While pharmacokinetics is described in simple terms as the body vs the drug, pharmacodynamics on the contrary means simply the opposite term the drug vs. the body.
The concepts of pharmacodynamics include the theories of receptor reactions, mechanisms of therapeutic and toxic actions, and dose-response relationships.
RECEPTOR REACTIONS
Receptors are macro-molecules typically made out of proteins that interact with either an endogenous substance or an exogenous substance to mediate a pharmacological or physiological effect.
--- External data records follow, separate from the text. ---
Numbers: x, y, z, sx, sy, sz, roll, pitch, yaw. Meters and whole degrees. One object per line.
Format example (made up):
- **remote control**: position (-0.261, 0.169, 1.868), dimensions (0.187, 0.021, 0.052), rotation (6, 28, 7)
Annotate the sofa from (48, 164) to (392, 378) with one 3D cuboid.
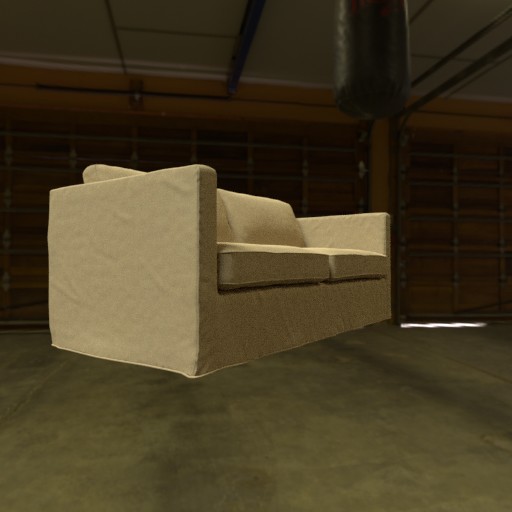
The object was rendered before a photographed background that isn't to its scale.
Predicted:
- **sofa**: position (0.000, 0.000, 2.509), dimensions (0.962, 0.835, 1.959), rotation (-1, -1, 36)
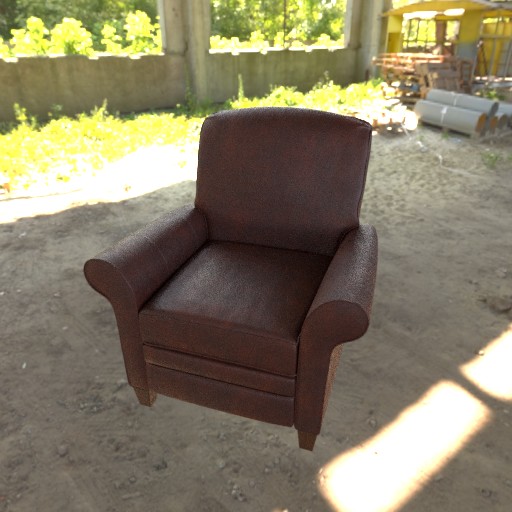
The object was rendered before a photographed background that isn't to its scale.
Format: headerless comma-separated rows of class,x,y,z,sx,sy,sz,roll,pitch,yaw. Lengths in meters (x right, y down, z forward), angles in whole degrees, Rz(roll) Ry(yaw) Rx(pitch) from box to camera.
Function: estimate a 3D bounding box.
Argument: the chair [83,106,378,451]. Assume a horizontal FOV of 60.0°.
chair,0.000,0.000,1.799,0.978,1.061,0.902,8,27,17
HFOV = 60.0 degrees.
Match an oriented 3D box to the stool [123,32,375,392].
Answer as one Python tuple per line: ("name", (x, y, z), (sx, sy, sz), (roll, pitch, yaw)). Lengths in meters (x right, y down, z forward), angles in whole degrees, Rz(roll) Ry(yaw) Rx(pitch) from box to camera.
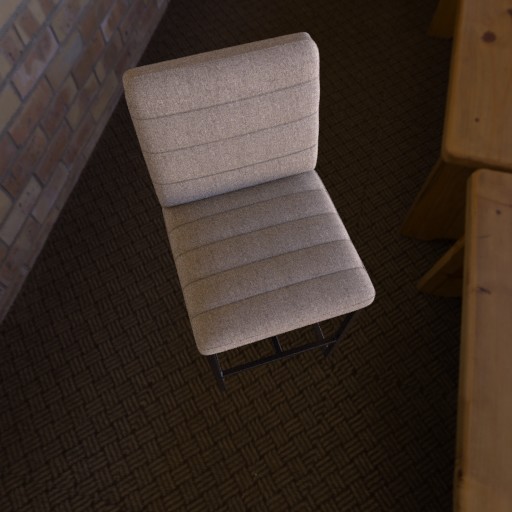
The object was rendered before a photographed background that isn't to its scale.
("stool", (0.000, 0.000, 1.333), (0.459, 1.034, 0.571), (-16, 65, -8))
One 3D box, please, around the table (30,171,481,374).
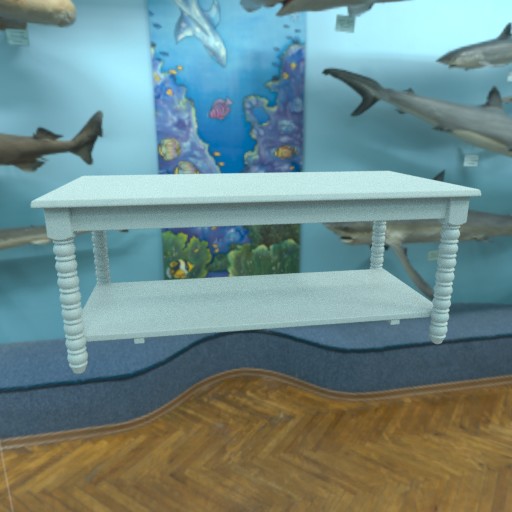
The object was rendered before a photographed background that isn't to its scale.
[{"bbox_3d":[0.000,0.000,1.465,1.171,0.487,0.580,-3,16,-9],"label":"table"}]
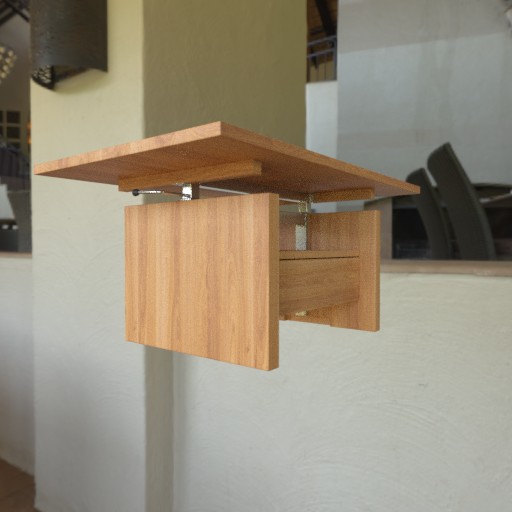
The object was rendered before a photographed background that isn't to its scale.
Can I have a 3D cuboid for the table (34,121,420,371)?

Receptors are functioning by ligand(an endogenous or exogenous substance) and activation of an effector messenger system
Effectors transduce a stimulus produced as a result of drug-receptor interactions into a physiologic effect. There are four types of effector mechanisms:-
1.Transmembrane
Some endogenous ligands such as insulin cannot enter inside the cell instead they interact with the outer component of its receptor present on the cell. This interaction produces a stimulus that is transduced into the inner component of the receptor present inside the cell that contains the enzyme tyrosine kinase to produce a physiologic effect that is the entry of glucose into the cell.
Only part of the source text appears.